==== THE DATA

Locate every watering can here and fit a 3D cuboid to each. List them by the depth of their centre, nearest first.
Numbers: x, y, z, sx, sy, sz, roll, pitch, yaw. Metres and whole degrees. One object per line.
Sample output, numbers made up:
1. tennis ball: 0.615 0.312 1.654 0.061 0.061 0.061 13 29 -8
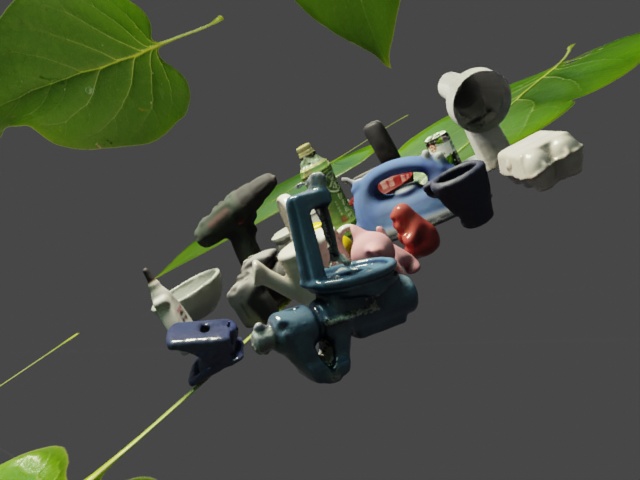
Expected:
1. watering can: -0.020 0.022 0.867 0.173 0.194 0.100 -36 15 -29

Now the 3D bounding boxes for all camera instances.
1. camera: -0.079 0.069 1.022 0.136 0.101 0.143 -21 15 31

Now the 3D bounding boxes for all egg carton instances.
1. egg carton: 0.362 -0.132 0.951 0.107 0.069 0.150 -28 12 1

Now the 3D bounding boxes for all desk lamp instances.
1. desk lamp: 0.316 -0.245 1.166 0.118 0.214 0.203 -28 13 2

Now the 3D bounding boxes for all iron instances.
1. iron: 0.167 -0.094 1.051 0.257 0.141 0.119 -22 14 27

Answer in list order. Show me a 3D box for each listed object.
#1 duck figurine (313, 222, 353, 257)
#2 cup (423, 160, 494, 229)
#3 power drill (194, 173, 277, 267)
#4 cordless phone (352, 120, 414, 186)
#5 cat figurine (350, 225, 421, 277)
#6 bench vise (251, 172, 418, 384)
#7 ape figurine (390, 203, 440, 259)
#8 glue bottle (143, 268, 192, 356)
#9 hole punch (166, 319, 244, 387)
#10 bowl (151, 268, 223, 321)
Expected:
1. duck figurine: 0.010 0.004 1.126 0.104 0.086 0.078 -18 16 39
2. cup: 0.225 -0.065 0.919 0.117 0.095 0.092 -13 20 49
3. power drill: -0.151 -0.012 1.253 0.229 0.208 0.076 -24 13 17
4. cordless phone: 0.133 -0.190 1.404 0.147 0.185 0.094 -23 14 21
5. cat figurine: 0.085 0.021 0.822 0.067 0.118 0.128 -22 14 25
6. bench vise: 0.004 0.043 0.671 0.121 0.220 0.208 -14 19 48
7. ape figurine: 0.142 -0.016 0.907 0.076 0.092 0.078 -22 14 25
8. glue bottle: -0.279 0.127 1.058 0.037 0.173 0.078 -29 13 -1
9. hole punch: -0.179 0.159 0.904 0.101 0.091 0.108 -29 13 -3
10. bowl: -0.275 0.134 1.246 0.167 0.075 0.167 -27 13 7

========

WORK TO BE COMPLETED: Please reproduce the records above exactly, omitting every picture.

YOUR RESPONSE:
Locate every watering can here and fit a 3D cuboid to each. List them by the depth of their centre, nearest first.
Numbers: x, y, z, sx, sy, sz, roll, pitch, yaw. Metres and whole degrees. One object per line.
Sample output, numbers made up:
1. tennis ball: 0.615 0.312 1.654 0.061 0.061 0.061 13 29 -8
Expected:
1. watering can: -0.020 0.022 0.867 0.173 0.194 0.100 -36 15 -29

Now the 3D bounding boxes for all camera instances.
1. camera: -0.079 0.069 1.022 0.136 0.101 0.143 -21 15 31

Now the 3D bounding boxes for all egg carton instances.
1. egg carton: 0.362 -0.132 0.951 0.107 0.069 0.150 -28 12 1

Now the 3D bounding boxes for all desk lamp instances.
1. desk lamp: 0.316 -0.245 1.166 0.118 0.214 0.203 -28 13 2

Now the 3D bounding boxes for all iron instances.
1. iron: 0.167 -0.094 1.051 0.257 0.141 0.119 -22 14 27

Answer in list order. Show me a 3D box for each listed object.
#1 duck figurine (313, 222, 353, 257)
#2 cup (423, 160, 494, 229)
#3 power drill (194, 173, 277, 267)
#4 cordless phone (352, 120, 414, 186)
#5 cat figurine (350, 225, 421, 277)
#6 bench vise (251, 172, 418, 384)
#7 ape figurine (390, 203, 440, 259)
#8 glue bottle (143, 268, 192, 356)
#9 hole punch (166, 319, 244, 387)
#10 bowl (151, 268, 223, 321)
Expected:
1. duck figurine: 0.010 0.004 1.126 0.104 0.086 0.078 -18 16 39
2. cup: 0.225 -0.065 0.919 0.117 0.095 0.092 -13 20 49
3. power drill: -0.151 -0.012 1.253 0.229 0.208 0.076 -24 13 17
4. cordless phone: 0.133 -0.190 1.404 0.147 0.185 0.094 -23 14 21
5. cat figurine: 0.085 0.021 0.822 0.067 0.118 0.128 -22 14 25
6. bench vise: 0.004 0.043 0.671 0.121 0.220 0.208 -14 19 48
7. ape figurine: 0.142 -0.016 0.907 0.076 0.092 0.078 -22 14 25
8. glue bottle: -0.279 0.127 1.058 0.037 0.173 0.078 -29 13 -1
9. hole punch: -0.179 0.159 0.904 0.101 0.091 0.108 -29 13 -3
10. bowl: -0.275 0.134 1.246 0.167 0.075 0.167 -27 13 7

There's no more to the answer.